Communication needs to be improved, with greater information circulated throughout the entire organization. For example, the focus group identified the need to explain the analytic process leading to the selection of target areas as a means to generate increased understanding of and support for the project. Roll call and in-service training sessions, along with the departmental newsletter, also are being used to provide information, and Chief James W. Johnson participated in a discussion of the DDACTS model on the county’s cable television network, a segment of which was posted on the BCOPD YouTube page.1

The collection of survey data needs to be improved to promote more precise planning and improve future outcomes. The addition of automated speed data collection should minimize this problem and permit a more focused approach to areas with documented problems.

Automated field reporting, an ongoing project, will increase the availability of timely crash data and will allow the electronic completion of most traffic enforcement paperwork (such as citations, warnings, and so on).

Transition to DDACTS

Shortly after the implementation of the Crash-Crime Project, NHTSA invited the department to participate as a demonstration site in the DDACTS program. Chief Johnson accepted the invitation. The DDACTS concept has been added to the department’s strategic plan, making it a primary method of operational deployment by 2010.

To prepare for 2009, the Crime Analysis Section undertook an in-depth analysis to identify geographic areas that are experiencing significant levels of both crashes and crime, as opposed to just roadways. The incidents examined included personal injury crashes, robbery, burglary, auto theft, and theft from auto. In addition to the methods used in 2008, analysts used the kernal density method, a way of measuring the density of incidents, and a geographic information system to develop hot spot polygons. Maps depicting overlapping high crime and crash areas (see figure 2) were provided to the precinct commanders for final selection.
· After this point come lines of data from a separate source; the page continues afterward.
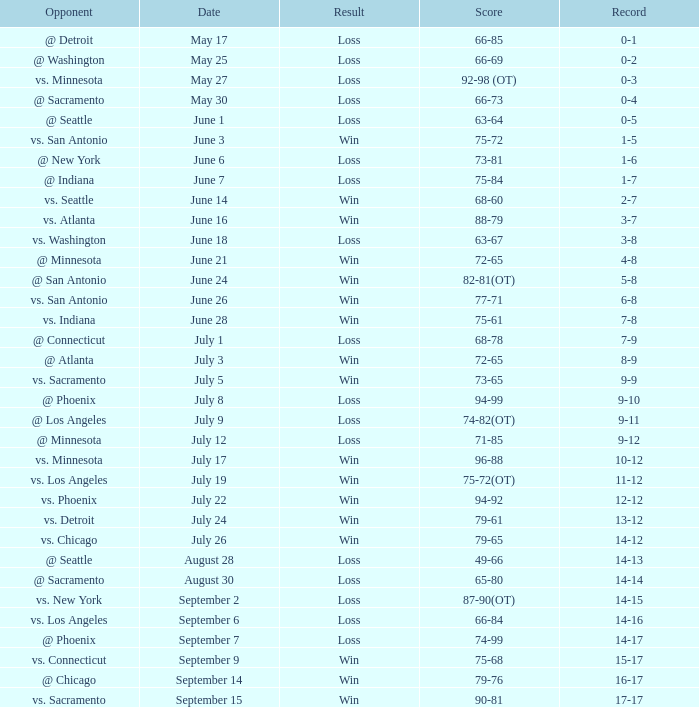What is the Record on July 12? 9-12. 
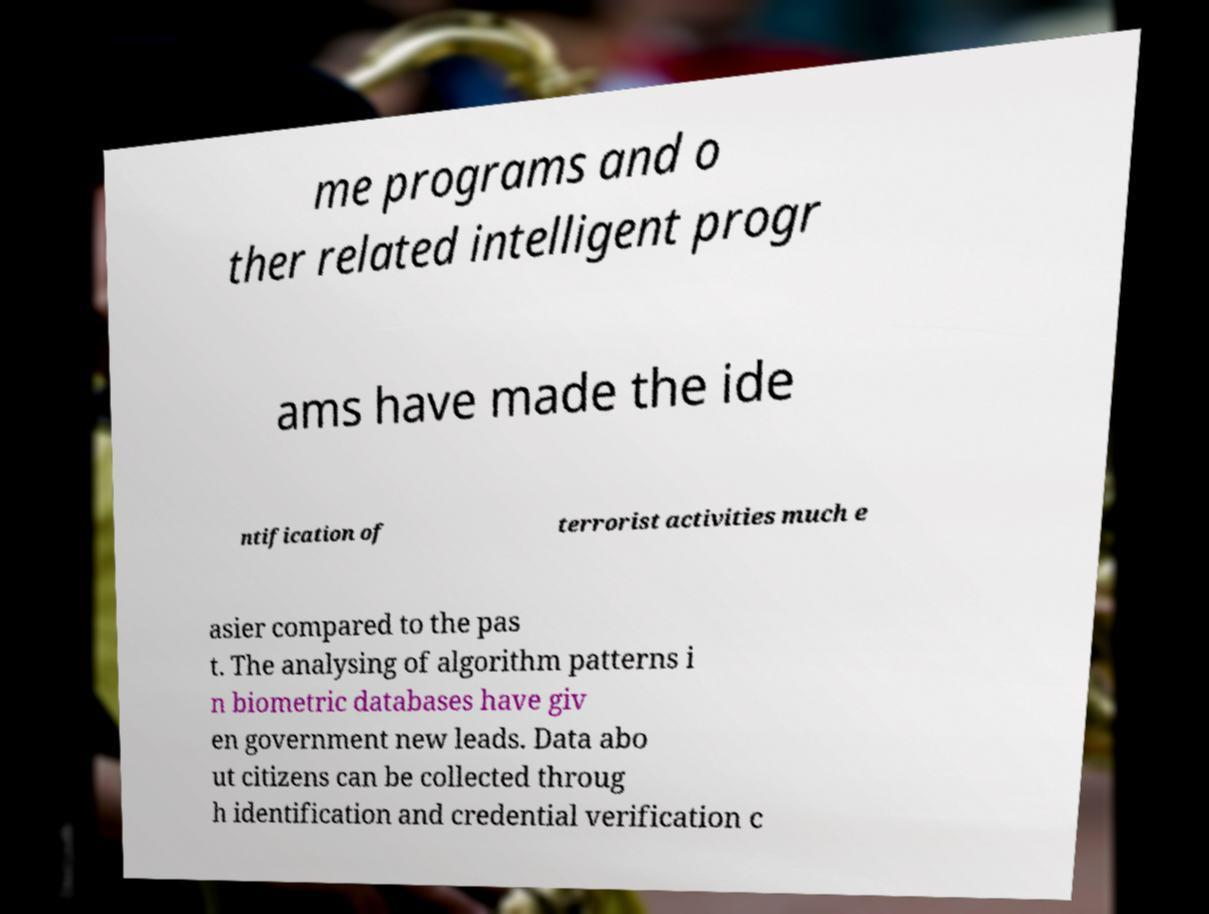Please identify and transcribe the text found in this image. me programs and o ther related intelligent progr ams have made the ide ntification of terrorist activities much e asier compared to the pas t. The analysing of algorithm patterns i n biometric databases have giv en government new leads. Data abo ut citizens can be collected throug h identification and credential verification c 
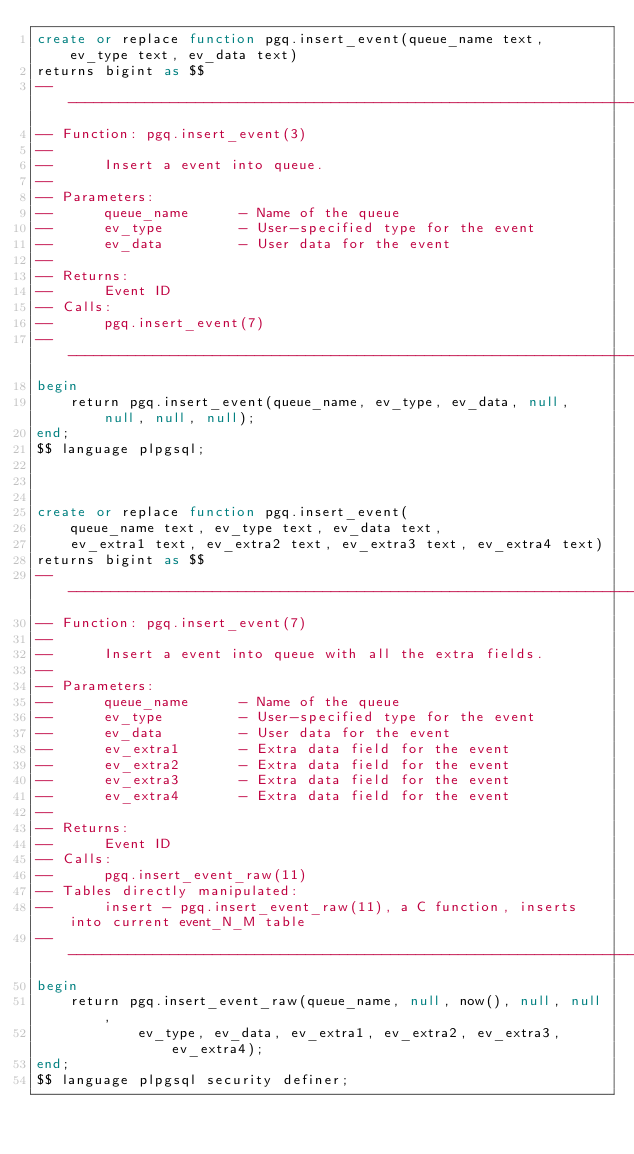Convert code to text. <code><loc_0><loc_0><loc_500><loc_500><_SQL_>create or replace function pgq.insert_event(queue_name text, ev_type text, ev_data text)
returns bigint as $$
-- ----------------------------------------------------------------------
-- Function: pgq.insert_event(3)
--
--      Insert a event into queue.
--
-- Parameters:
--      queue_name      - Name of the queue
--      ev_type         - User-specified type for the event
--      ev_data         - User data for the event
--
-- Returns:
--      Event ID
-- Calls:
--      pgq.insert_event(7)
-- ----------------------------------------------------------------------
begin
    return pgq.insert_event(queue_name, ev_type, ev_data, null, null, null, null);
end;
$$ language plpgsql;



create or replace function pgq.insert_event(
    queue_name text, ev_type text, ev_data text,
    ev_extra1 text, ev_extra2 text, ev_extra3 text, ev_extra4 text)
returns bigint as $$
-- ----------------------------------------------------------------------
-- Function: pgq.insert_event(7)
--
--      Insert a event into queue with all the extra fields.
--
-- Parameters:
--      queue_name      - Name of the queue
--      ev_type         - User-specified type for the event
--      ev_data         - User data for the event
--      ev_extra1       - Extra data field for the event
--      ev_extra2       - Extra data field for the event
--      ev_extra3       - Extra data field for the event
--      ev_extra4       - Extra data field for the event
--
-- Returns:
--      Event ID
-- Calls:
--      pgq.insert_event_raw(11)
-- Tables directly manipulated:
--      insert - pgq.insert_event_raw(11), a C function, inserts into current event_N_M table
-- ----------------------------------------------------------------------
begin
    return pgq.insert_event_raw(queue_name, null, now(), null, null,
            ev_type, ev_data, ev_extra1, ev_extra2, ev_extra3, ev_extra4);
end;
$$ language plpgsql security definer;

</code>

As the target areas were selected, more detailed data tables were produced showing Part I and II crimes, calls for service, and crash activity for the past two years.

FIGURE 2: Map showing hot spot polygons in
one area of Baltimore County

Each precinct has been tasked with the responsibility of creating specific objectives for the specific problems identified in the target areas as well as action plans that use self-initiated traffic enforcement activity as a primary strategy but also include other resources and partnerships from within and outside of the department. For instance, school resource officers may target young drivers with educational efforts, and a partnership with the Division of Parole and Probation is being developed to identify criminal offenders under supervision within target areas.
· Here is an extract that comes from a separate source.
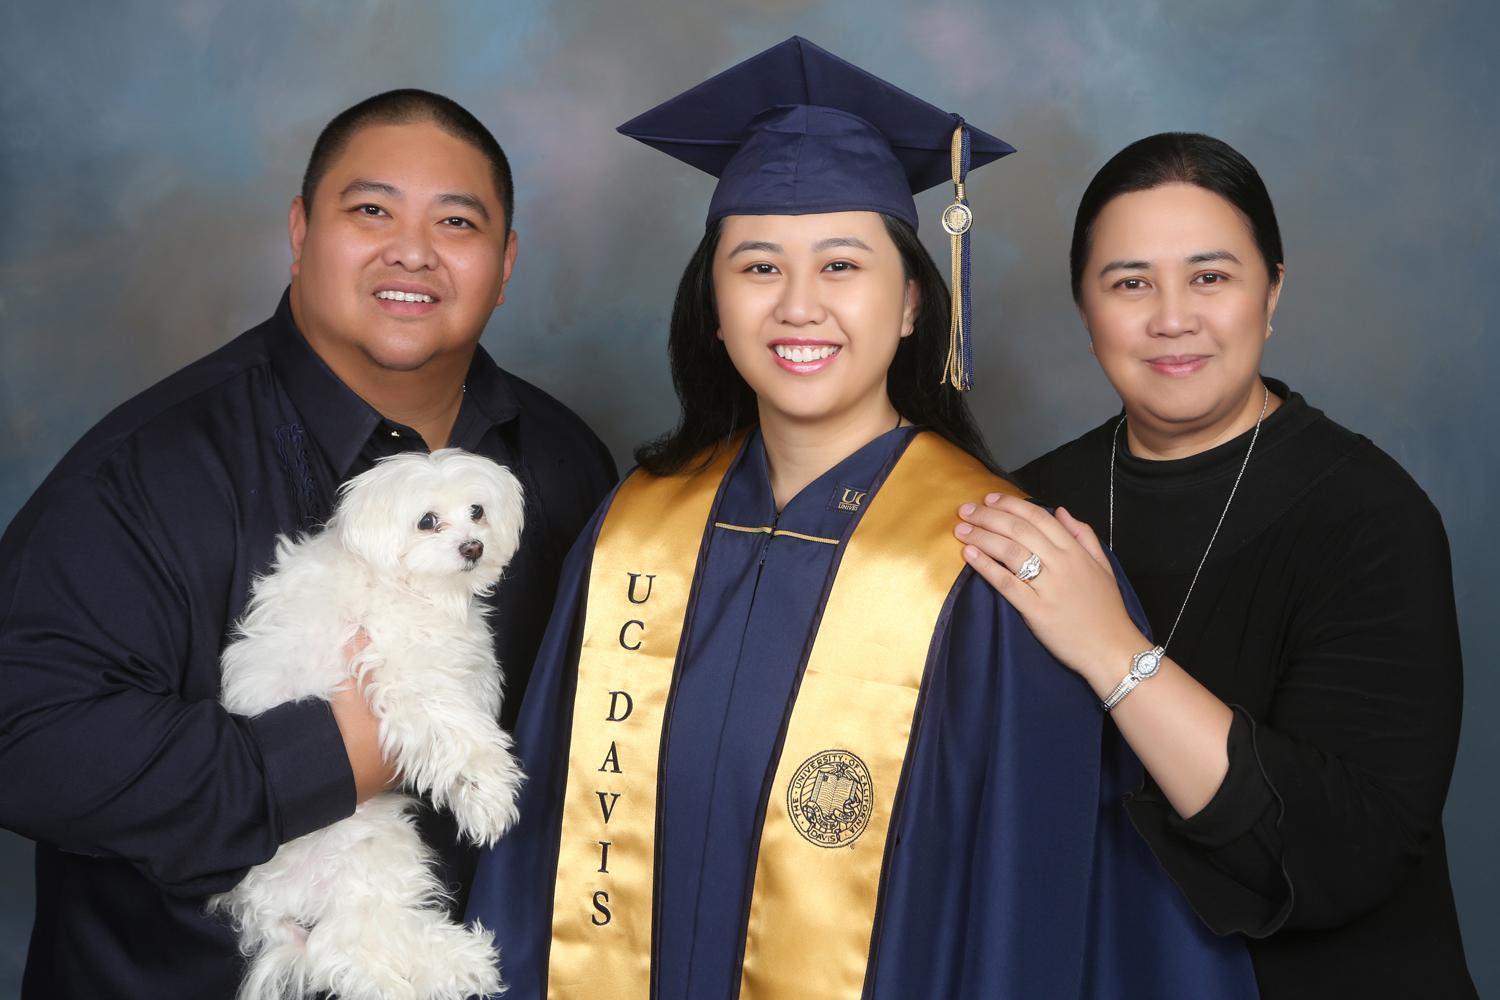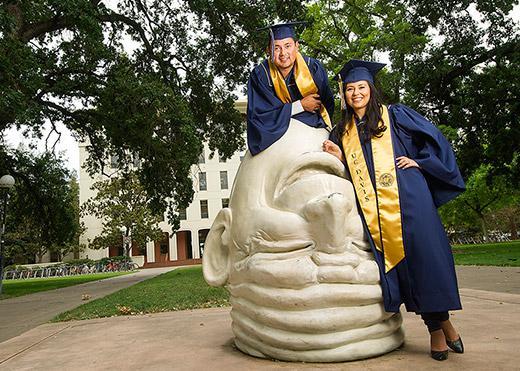The first image is the image on the left, the second image is the image on the right. For the images displayed, is the sentence "Each image contains a long-haired brunette female graduate wearing a sash, robe and hat in the foreground of the picture." factually correct? Answer yes or no. Yes. The first image is the image on the left, the second image is the image on the right. Analyze the images presented: Is the assertion "In the image to the right, the graduation gown is blue." valid? Answer yes or no. Yes.

The BCOPD believes that the DDACTS approach provides a mechanism to deploy limited resources into areas that have shown long-term traffic- and crime-related problems. The initial results from 2008 demonstrate that patrol time can be dedicated effectively to identified hot spots and that increased levels of traffic enforcement can be used to combat problems. This is an example of enforcing traffic law the right way—targeting specific areas for specific reasons. Efforts are under way to improve the availability of timely crash data and to automate traffic enforcement paperwork. These efforts should further the ability of commanders, supervisors, and line personnel to deploy limited enforcement resources effectively while making a positive impact on multiple public safety problems.

DDACTS can be applied in small as well as large agencies. The number of incidents and the amount of activity needed to effect change is very much related to geography and population. Although the BCOPD has targeted multiple areas and deployed substantial resources, this program can be scaled to fit jurisdictions of any size. For instance, a smaller agency could target a single area using the same deployment strategies and could even supplement its efforts by enlisting the support of county or state agencies or seeking traffic enforcement funding through grant opportunities. The ultimate goal is to make the best use of available resources to combat identified public safety problems within any town, city, county, or state. ■


1“Data Driven Policing,” YouTube, (accessed May 19, 2009).